So I know that’s rather boring for you, but this is the beat you chose, so could you try reporting about things that are actually happening, rather than the things you wish were happening?
I know you don’t know what to make of the Resources Super Profits Tax. Nobody likes taxes, but they don’t like big business much either. It’s hard for you to figure out an angle when you’re not sure which side Mr and Mrs Suburban would take. They’re not sure themselves since it’s so hard to get good information from a media that would rather report gossip about leadership challenges. See how the cycle feeds itself?
Greg Rudd, Kevin’s brother, wrote an article in The Australian last week that wasn’t all that flattering of his brother, but also let us in on how you work:
During the bitter Hawke-Keating leadership contest I was pulled aside by one of the senior members of the Canberra press gallery, who said: "Mate, save your energy. We've decided we want a regime change. With Hawke we have to chase stories. With Keating the stories will come to us."
In blood sport, honesty is bad policy
And when the stories don’t come to you, you just create them. It’s so much easier to write about personality clashes and the soap opera of leadership than it is about policy, and you’ve had quite a few this term. Turnbull was out to roll Nelson from the start, and Turnbull himself floated the idea of challenging his own leadership when the party wouldn’t back his policy. You tried for years to get Peter Costello to roll John Howard, even though Costello had made it clear he didn’t have the bottle for it. You’ve actually been pretty spoiled for personality stories of late but once in a while, you will have to fall back on writing about things that the government is doing, instead of asking backbenchers if they would support a hypothetical leadership challenge from someone who has shown no interest in launching such a challenge. I know it’s hard to make that interesting in the age of Australian Idol, Dancing with the Stars and Masterchef, where the story is the personal sniping and not the substance of what’s being done, but once again, this is the beat you chose. If you don’t like writing about policy, then you can always put in for a transfer to the entertainment section and see if you can give Richard Wilkins and Angela Bishop a run for their money.
Let me help you out:
The proposed super profits tax is basically a HECS for industry. The Higher Education Contributions Scheme accepts that a university education is unaffordable for most people up front. So instead, students pay much lower fees, but once their post-study income hits a certain level – a level which they probably couldn’t have achieved without their degree – they then pay more tax to pay off the benefit they received earlier. Aside from the hypocrisy that HECS was designed and maintained by people who got their degrees for free through the 70s and 80s, no-one can really argue against it because it’s a pretty fair system.
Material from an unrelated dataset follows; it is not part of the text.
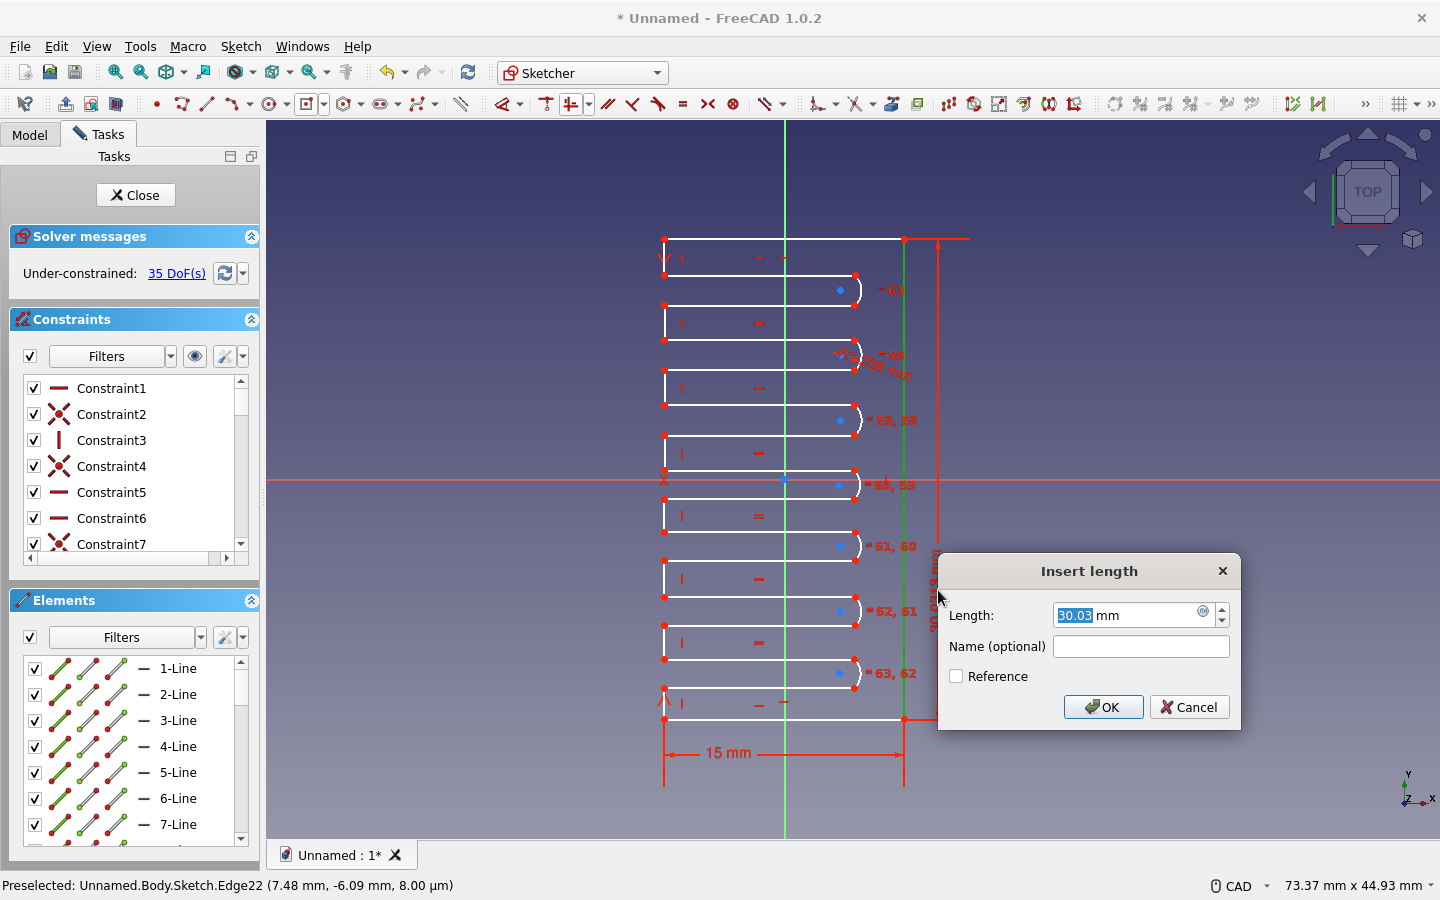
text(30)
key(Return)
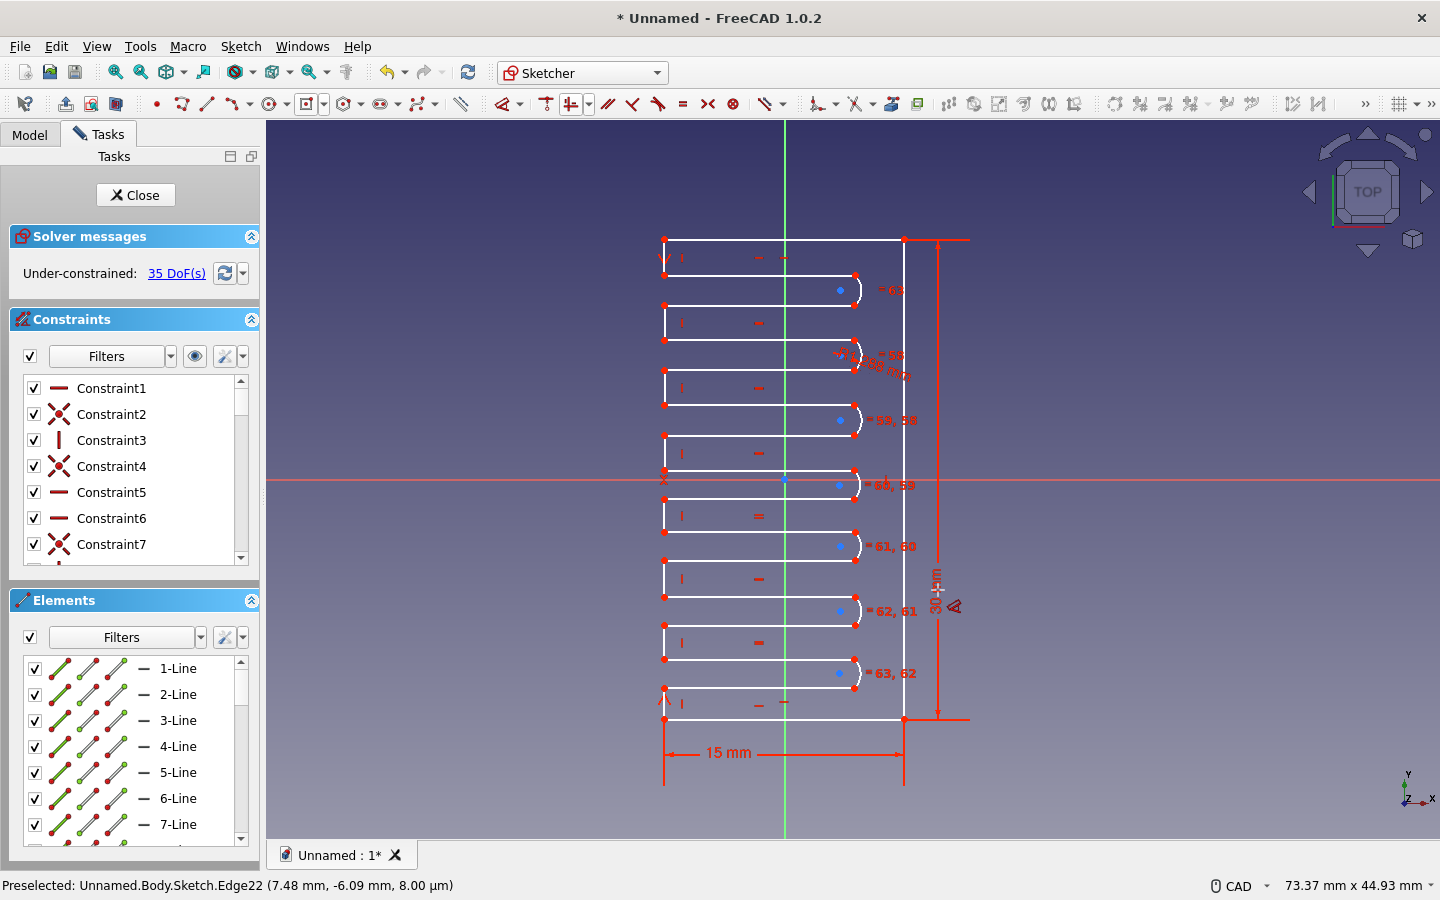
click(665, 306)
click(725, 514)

Similarly, the mining industry receives all kinds of subsidies, tax credits and the like, in order to set up their businesses, and to carry them through hard times. So when times are good, and only after their profits hit an extraordinary level, the RSPT would see them pay a higher proportion back to the country that has given them such opportunity.
See? Wasn’t so hard, was it? So there’s your angle for this week and now you can go back to asking who’s going to eat who on Masterchef and wondering if Jessica Watson has a boyfriend.
PS: If a hypothetical challenger decided you weren’t performing well, what would be your response?